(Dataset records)
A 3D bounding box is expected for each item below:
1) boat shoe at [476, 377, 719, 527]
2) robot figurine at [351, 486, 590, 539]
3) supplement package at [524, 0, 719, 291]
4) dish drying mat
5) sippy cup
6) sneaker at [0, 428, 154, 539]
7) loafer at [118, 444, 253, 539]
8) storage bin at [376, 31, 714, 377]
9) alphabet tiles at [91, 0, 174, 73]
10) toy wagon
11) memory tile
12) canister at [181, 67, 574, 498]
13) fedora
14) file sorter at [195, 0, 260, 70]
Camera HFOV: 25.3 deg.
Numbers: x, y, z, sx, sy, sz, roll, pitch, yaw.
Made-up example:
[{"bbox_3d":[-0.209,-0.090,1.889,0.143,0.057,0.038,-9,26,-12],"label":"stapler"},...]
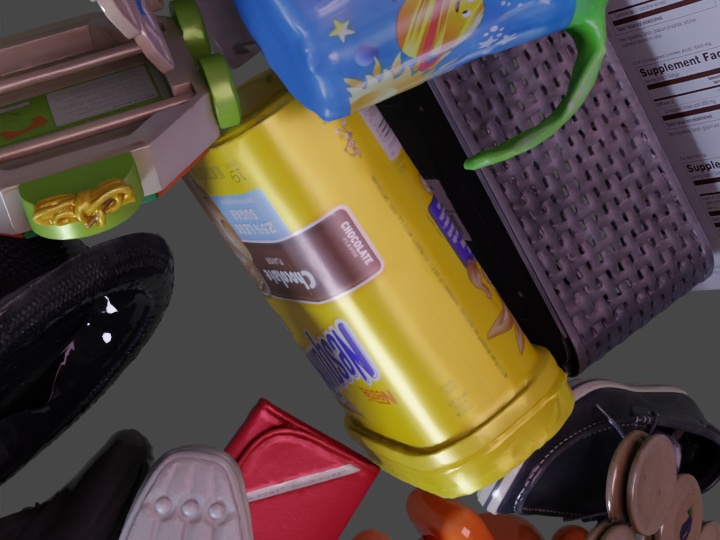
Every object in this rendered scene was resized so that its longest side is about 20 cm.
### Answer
[{"bbox_3d":[0.133,0.099,0.839,0.200,0.062,0.075,0,124,-52],"label":"boat shoe"},{"bbox_3d":[0.071,0.209,0.839,0.200,0.116,0.144,57,39,-17],"label":"robot figurine"},{"bbox_3d":[0.208,-0.125,0.837,0.191,0.147,0.200,-38,107,-31],"label":"supplement package"},{"bbox_3d":[-0.072,0.166,0.808,0.077,0.018,0.200,31,92,-19],"label":"dish drying mat"},{"bbox_3d":[0.014,-0.133,0.655,0.130,0.140,0.178,-33,61,-7],"label":"sippy cup"},{"bbox_3d":[-0.173,0.148,0.757,0.091,0.076,0.200,35,67,4],"label":"sneaker"},{"bbox_3d":[-0.086,0.172,0.760,0.070,0.070,0.201,9,106,-1],"label":"loafer"},{"bbox_3d":[0.072,-0.058,0.809,0.094,0.135,0.200,-33,105,-18],"label":"storage bin"},{"bbox_3d":[-0.133,-0.177,0.650,0.015,0.200,0.196,-26,73,6],"label":"alphabet tiles"},{"bbox_3d":[-0.130,-0.058,0.690,0.155,0.200,0.040,-18,124,-8],"label":"toy wagon"},{"bbox_3d":[0.151,0.184,0.811,0.200,0.017,0.154,51,55,-45],"label":"memory tile"},{"bbox_3d":[0.000,0.000,0.779,0.086,0.148,0.200,-38,104,-14],"label":"canister"},{"bbox_3d":[-0.182,0.032,0.717,0.201,0.201,0.092,-41,78,-15],"label":"fedora"},{"bbox_3d":[-0.048,-0.219,0.755,0.139,0.124,0.200,-39,107,-16],"label":"file sorter"}]
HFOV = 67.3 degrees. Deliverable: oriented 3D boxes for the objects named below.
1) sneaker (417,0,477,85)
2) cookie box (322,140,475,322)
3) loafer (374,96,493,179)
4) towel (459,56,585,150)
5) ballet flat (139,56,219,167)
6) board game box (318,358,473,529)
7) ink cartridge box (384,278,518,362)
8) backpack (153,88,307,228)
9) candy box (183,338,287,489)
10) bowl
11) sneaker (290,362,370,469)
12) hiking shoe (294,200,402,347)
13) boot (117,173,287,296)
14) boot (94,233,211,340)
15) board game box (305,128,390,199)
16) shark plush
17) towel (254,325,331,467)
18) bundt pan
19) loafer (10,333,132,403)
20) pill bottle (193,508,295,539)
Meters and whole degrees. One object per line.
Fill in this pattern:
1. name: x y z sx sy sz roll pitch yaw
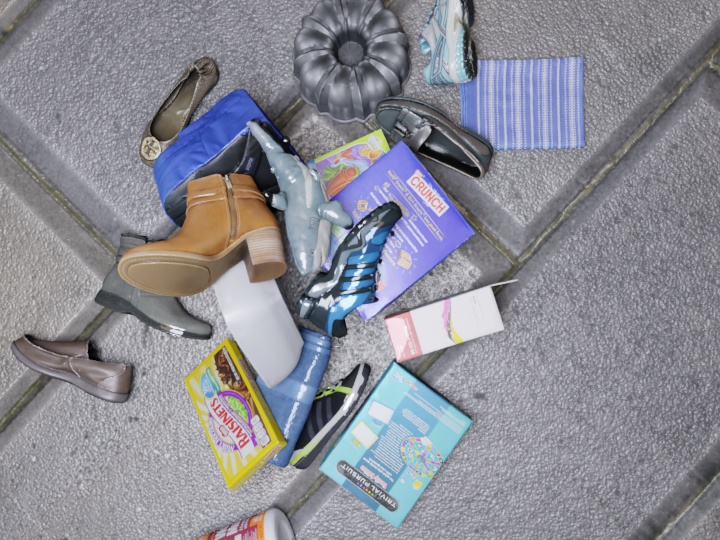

▶ _Task_
Return all records verbatim and drop the pictures.

▶ _Worked solution_
A 3D bounding box is expected for each item below:
1) boat shoe at [476, 377, 719, 527]
2) robot figurine at [351, 486, 590, 539]
3) supplement package at [524, 0, 719, 291]
4) dish drying mat
5) sippy cup
6) sneaker at [0, 428, 154, 539]
7) loafer at [118, 444, 253, 539]
8) storage bin at [376, 31, 714, 377]
9) alphabet tiles at [91, 0, 174, 73]
10) toy wagon
11) memory tile
12) canister at [181, 67, 574, 498]
13) fedora
14) file sorter at [195, 0, 260, 70]
Camera HFOV: 25.3 deg.
Numbers: x, y, z, sx, sy, sz, roll, pitch, yaw.
Made-up example:
[{"bbox_3d":[-0.209,-0.090,1.889,0.143,0.057,0.038,-9,26,-12],"label":"stapler"},...]
Every object in this rendered scene was resized so that its longest side is about 20 cm.
### Answer
[{"bbox_3d":[0.133,0.099,0.839,0.200,0.062,0.075,0,124,-52],"label":"boat shoe"},{"bbox_3d":[0.071,0.209,0.839,0.200,0.116,0.144,57,39,-17],"label":"robot figurine"},{"bbox_3d":[0.208,-0.125,0.837,0.191,0.147,0.200,-38,107,-31],"label":"supplement package"},{"bbox_3d":[-0.072,0.166,0.808,0.077,0.018,0.200,31,92,-19],"label":"dish drying mat"},{"bbox_3d":[0.014,-0.133,0.655,0.130,0.140,0.178,-33,61,-7],"label":"sippy cup"},{"bbox_3d":[-0.173,0.148,0.757,0.091,0.076,0.200,35,67,4],"label":"sneaker"},{"bbox_3d":[-0.086,0.172,0.760,0.070,0.070,0.201,9,106,-1],"label":"loafer"},{"bbox_3d":[0.072,-0.058,0.809,0.094,0.135,0.200,-33,105,-18],"label":"storage bin"},{"bbox_3d":[-0.133,-0.177,0.650,0.015,0.200,0.196,-26,73,6],"label":"alphabet tiles"},{"bbox_3d":[-0.130,-0.058,0.690,0.155,0.200,0.040,-18,124,-8],"label":"toy wagon"},{"bbox_3d":[0.151,0.184,0.811,0.200,0.017,0.154,51,55,-45],"label":"memory tile"},{"bbox_3d":[0.000,0.000,0.779,0.086,0.148,0.200,-38,104,-14],"label":"canister"},{"bbox_3d":[-0.182,0.032,0.717,0.201,0.201,0.092,-41,78,-15],"label":"fedora"},{"bbox_3d":[-0.048,-0.219,0.755,0.139,0.124,0.200,-39,107,-16],"label":"file sorter"}]
HFOV = 67.3 degrees. Deliverable: oriented 3D boxes for the objects named below.
1) sneaker (417,0,477,85)
2) cookie box (322,140,475,322)
3) loafer (374,96,493,179)
4) towel (459,56,585,150)
5) ballet flat (139,56,219,167)
6) board game box (318,358,473,529)
7) ink cartridge box (384,278,518,362)
8) backpack (153,88,307,228)
9) candy box (183,338,287,489)
10) bowl
11) sneaker (290,362,370,469)
12) hiking shoe (294,200,402,347)
13) boot (117,173,287,296)
14) boot (94,233,211,340)
15) board game box (305,128,390,199)
16) shark plush
17) towel (254,325,331,467)
18) bundt pan
19) loafer (10,333,132,403)
20) pill bottle (193,508,295,539)
Meters and whole degrees. One object per line.
Fill in this pattern:
1. name: x y z sx sy sz roll pitch yaw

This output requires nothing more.